> **DATA FOR REVIEW**:
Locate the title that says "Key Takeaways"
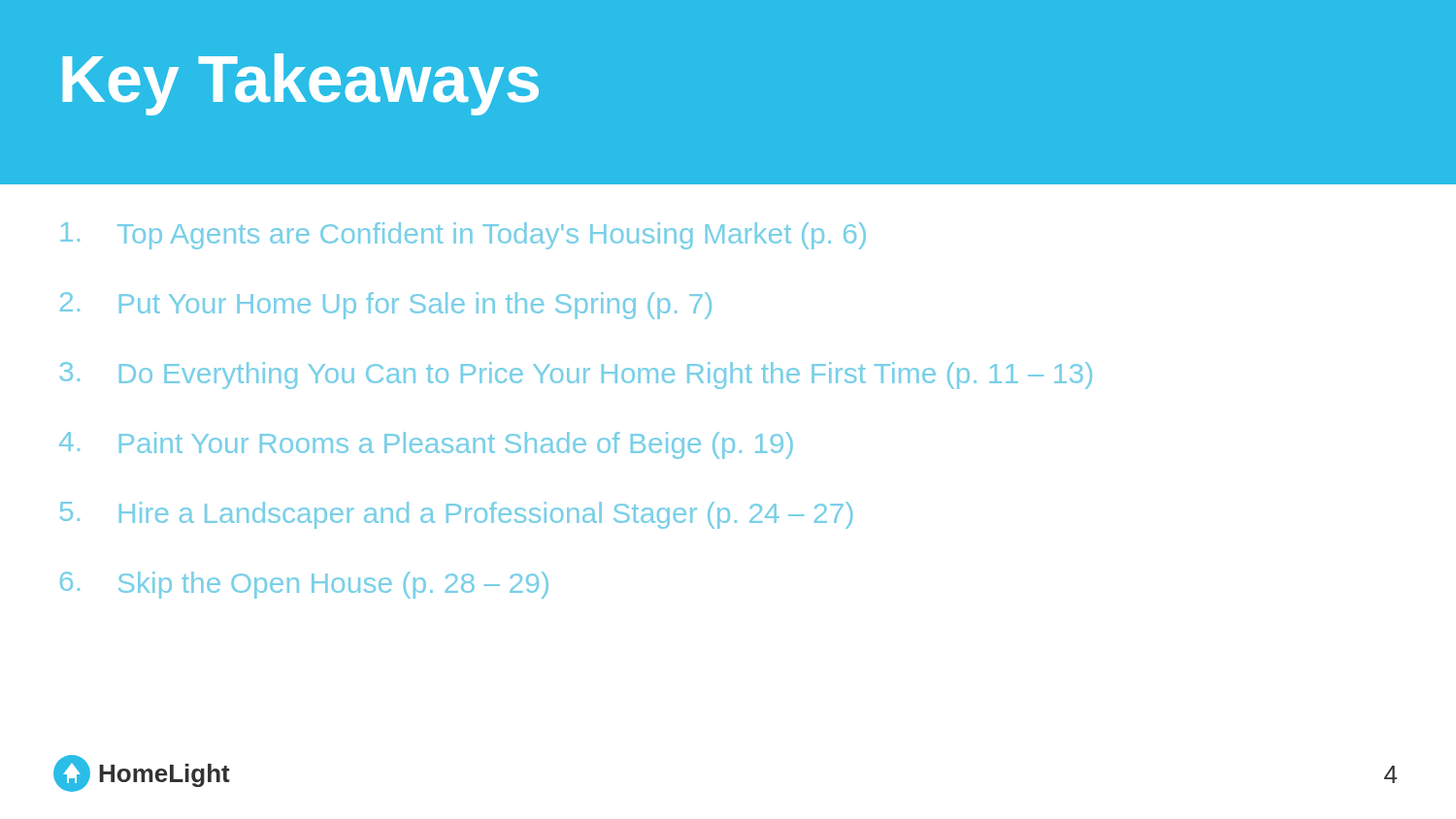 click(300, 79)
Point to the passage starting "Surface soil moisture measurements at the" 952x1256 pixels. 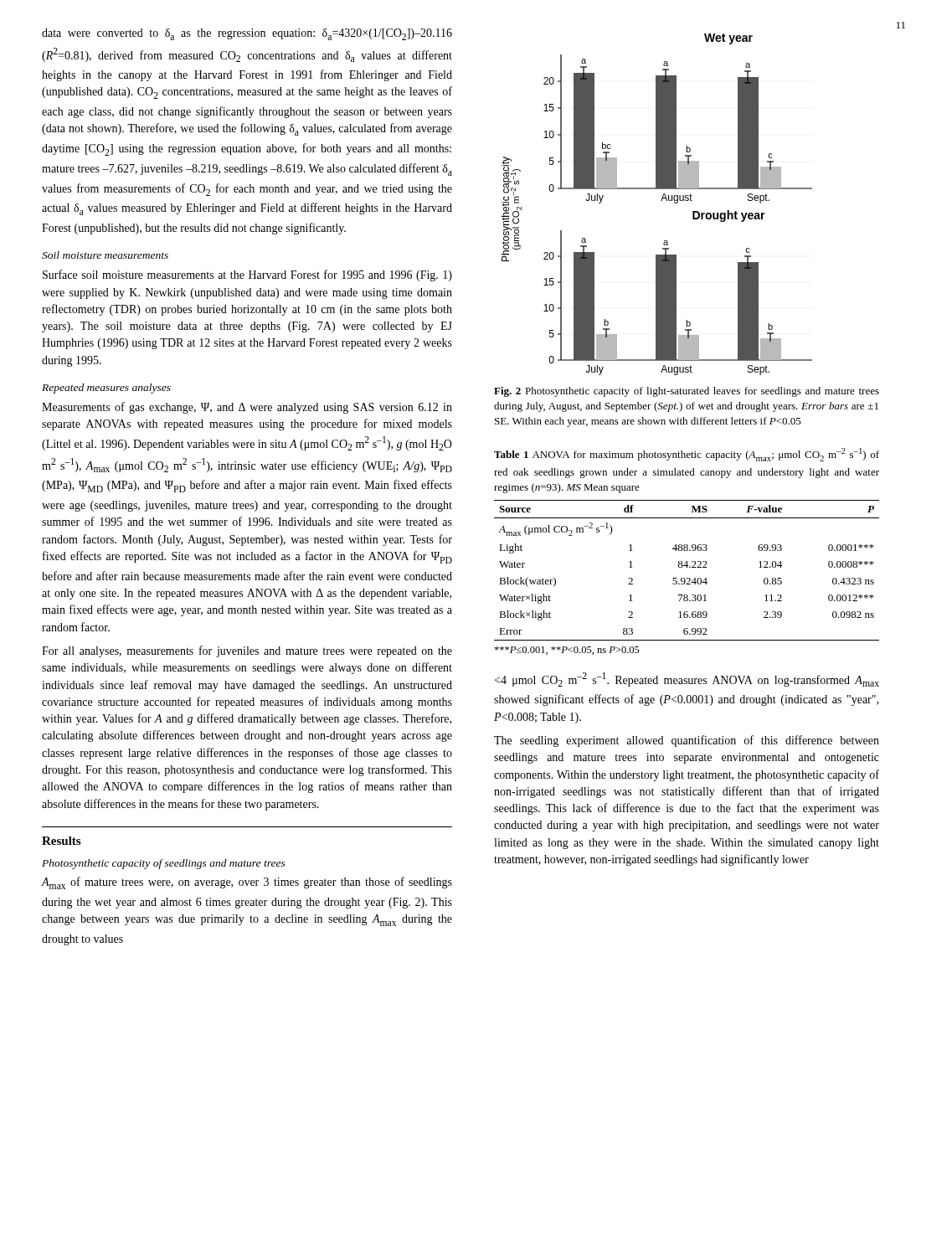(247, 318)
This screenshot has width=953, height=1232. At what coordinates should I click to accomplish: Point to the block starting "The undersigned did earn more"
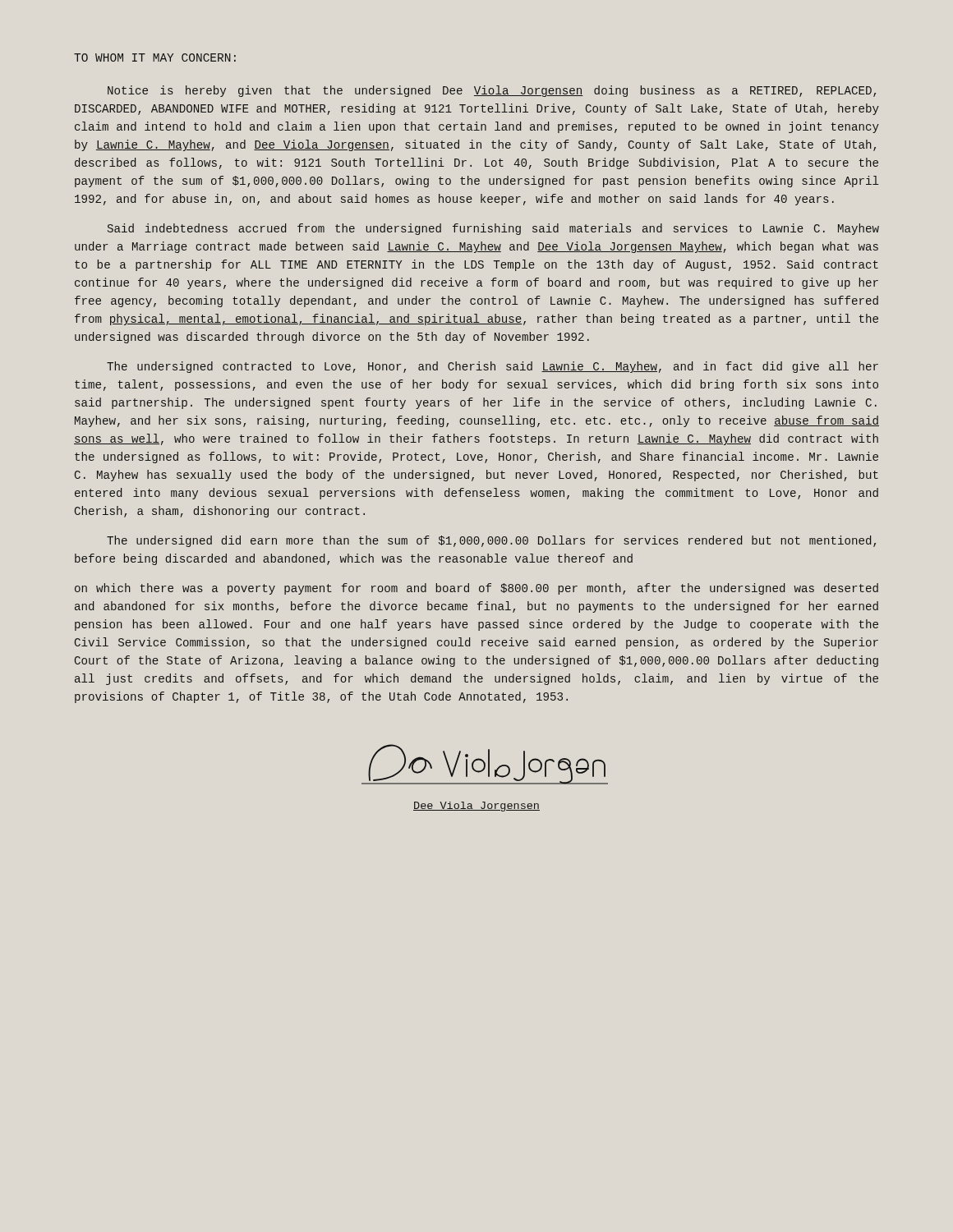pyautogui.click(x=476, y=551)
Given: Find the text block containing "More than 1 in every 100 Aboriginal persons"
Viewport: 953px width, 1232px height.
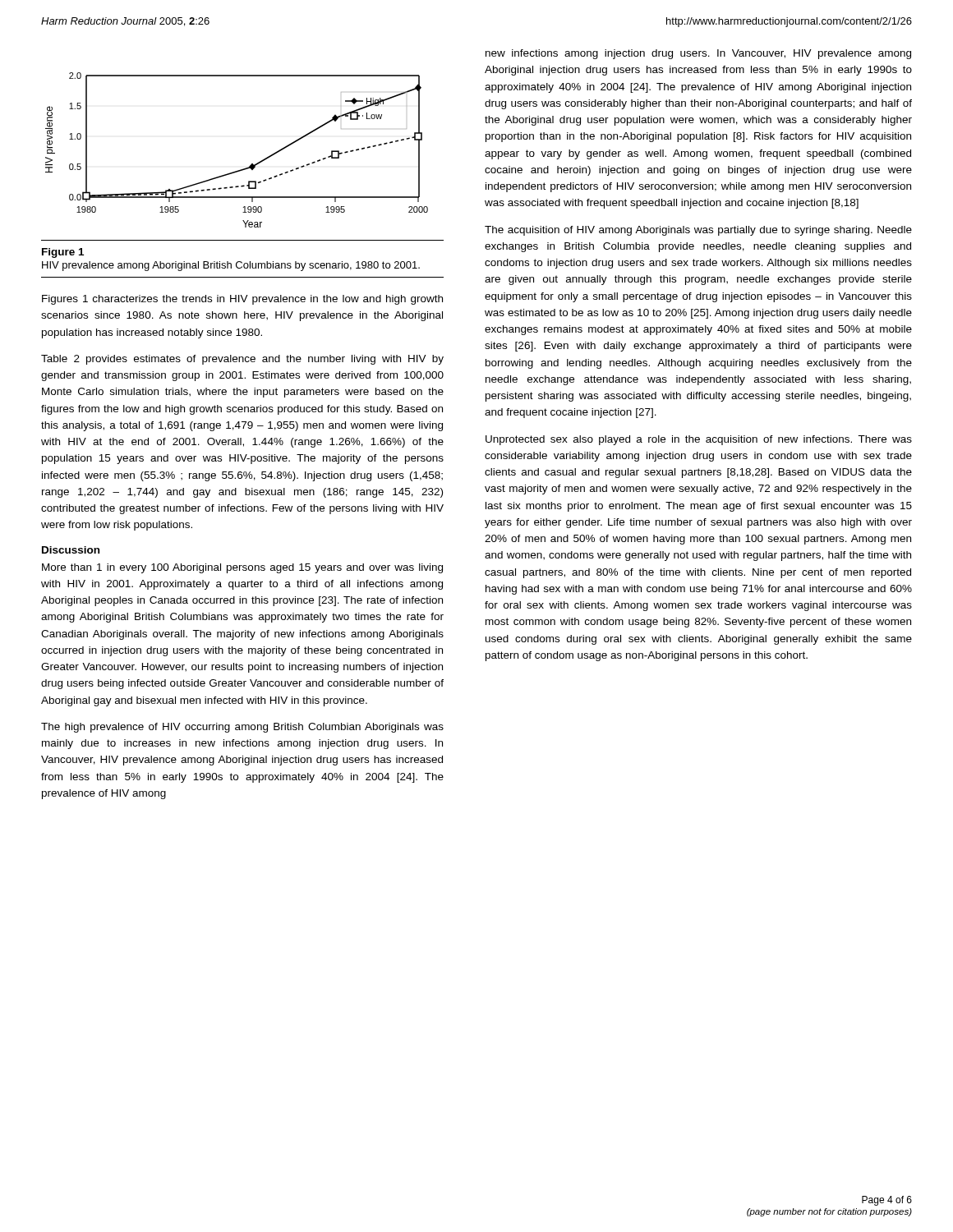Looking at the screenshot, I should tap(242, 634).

> **WHAT YOU NEED TO DO**:
Pictures are to be left out, and each line from the one that contains "This screenshot has" through the end of the listing is to be copied exactly.

> **YOUR RESPONSE**:
This screenshot has width=953, height=1232. At what coordinates should I click to accomplish: Point to the block starting "The undersigned did earn more"
pyautogui.click(x=476, y=551)
Given: Find the text block containing "More than 1 in every 100 Aboriginal persons"
Viewport: 953px width, 1232px height.
Looking at the screenshot, I should tap(242, 634).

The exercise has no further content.